Here are some budgeting methods:
First, you list and add up your income. Then, you list and add up your expenses. Hopefully, once you subtract your expenses from your income, you’re left with a positive number. Lastly, you set goals for what you want to spend in each category. Source
Reverse Budget (sometimes referred to as the Pay Yourself First Budget)
First, you set aside a percentage of your income that will go to savings and retirement. Then, you allocated funds to your expenses (rent, food, utilities, etc.). Whatever is left over is what you have discretion to spend. Source
The result of a zero-based budget is that there are $0 left at the end of the month. That doesn’t mean you spend everything you make, however. Using this approach, you would also “pay” your savings account and retirement accounts. This method requires a lot of attention to detail and leaves little room for error. That said, you can include a “miscellaneous” line. Source
This one is similar to zero-based budgeting, except the only difference is that it is done with envelopes and cash. You label an envelope for each budget category, and when you are ready to make a purchase from that category, you bring that envelope of cash with you and spend from there. This method would be eye-opening and effective, however, is not particularly practical. Source
Balanced Money Formula (also referred to as the 50/30/20 Budget)
Using this method, you should allocate 50% of net income to necessities, 20% for financial goals, and 30% on discretionary spending. All you need to be able to do is differentiate a want from a need. If you’re spending 40% on “wants,” it’s time to tighten things up. Note that you can change the percentages and keep using the Balanced Money Formula, for example increase savings to 30% and decrease one or both of the others. Source
Sixty percent of income goes to “committed expenses,” like food, clothing, household expenses, insurance, all bills, and taxes. The remaining 40% is divided equally four ways: retirement, long-term savings (emergency fund), short-term savings (vacations and other irregular expenses), and fun money. Source
This one is a variation of the Balanced Money Formula, except you don’t need to differentiate between wants and needs. Simply save 20% and spend the rest on everything else. Source
The “No” budget
First, you need to know how much money you typically spend on bills and other expenses. Then, you make sure your account has at least that amount of money in it. Proponents of this “budget” suggest automating bill pay. Using a debit card helps too because this approach requires monitoring your account and learning to tell yourself “no,” so that you only use what’s available to you. That, and you basically have no budget at all.
Once you account for your necessities and expenses, this method says you should budget for things you value and enjoy, like giving to charity, buying coffee, or trying expensive wines. The reasoning is that if you budget for things you enjoy, you’ll be more likely to stick to the budget. Source
With so many options for budgeting, there is no excuse for not having one!

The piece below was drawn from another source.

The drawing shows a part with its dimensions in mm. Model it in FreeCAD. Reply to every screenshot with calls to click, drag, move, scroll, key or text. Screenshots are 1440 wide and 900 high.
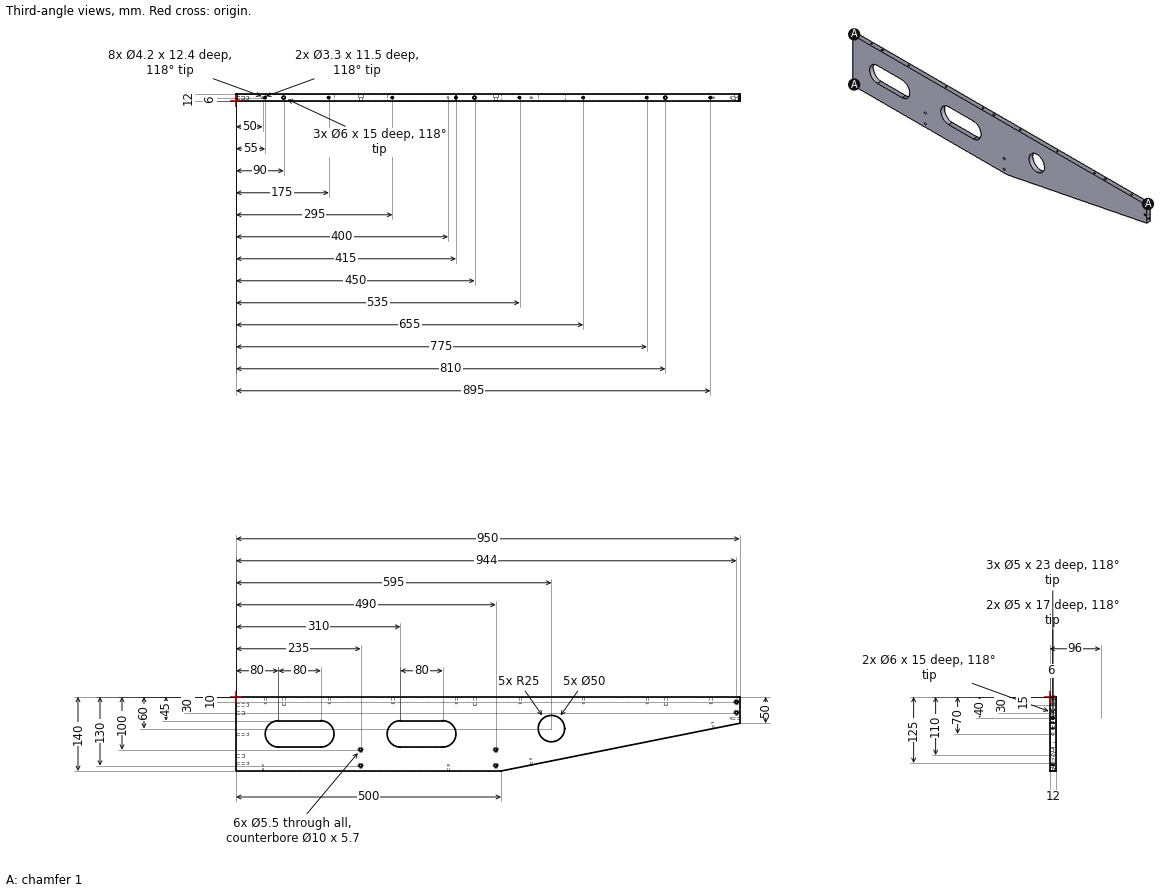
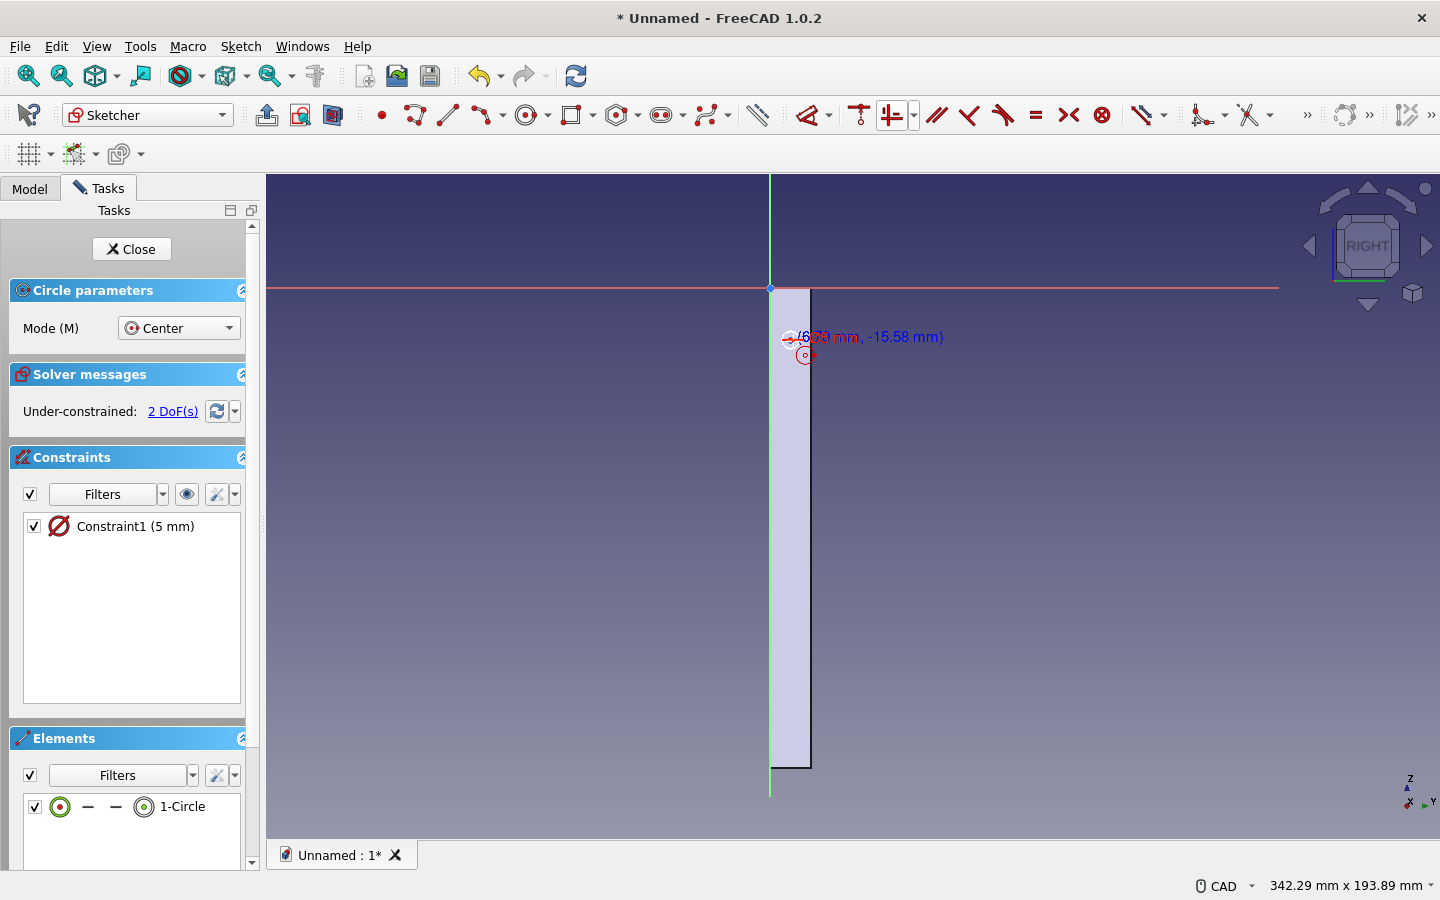
scroll(791, 528, up, 5)

Not a detail-oriented person? Try the “no” budget or the 80/20 plan.
Detail-oriented? Use the traditional or reverse methods.
Love numbers? Try the zero-based budget.
Dislike using credit cards? The envelopes method would work for you.
Value hobbies? Use the values-based budget.
Place a high value on saving? Try the 60% solution or use your own balanced money formula.
You could even start with one method and move on to others until you find one that works for best you, which is what we’ve done.
When I was starting out, I went with the traditional method to ensure I wouldn’t be spending more than I was making when I moved out of my parents’ house. Later, once I met my husband, we switched to a reverse budgeting approach, because we wanted to step up saving as much as possible in order to retire early. Now, we use our own version of the balanced money formula.
My husband and I contribute to our retirement accounts (401(k)s) separately. He then contributes to our non-retirement brokerage account. I contribute to a real estate savings account. Our savings amounts to 40% of our income right now. We have a spreadsheet with a list of our expenditure categories and what each one costs us every month, which adds up to 40% of our joint income. We both contribute equally to these “commitments” (a word borrowed from the 60% solution because they aren’t fixed expenses, nor are they necessities): mortgage, utilities, food, gym membership, entertainment, vacations, and gas.
Note that our values reflect vacations and entertainment, like eating out and going to shows. The remaining 20%, our discretionary spending, includes golf for him, pedicures for me, clothing, gifts, etc., and we pay for those on our own credit cards. We usually don’t spend quite all of that and end up reallocating into savings or investments (like our Roth IRA’s).
Here’s how our budget breaks down:
As you can probably tell, this is from our Excel budget file. We’ve just recently started using Mint. We’ll have to let you know how that goes.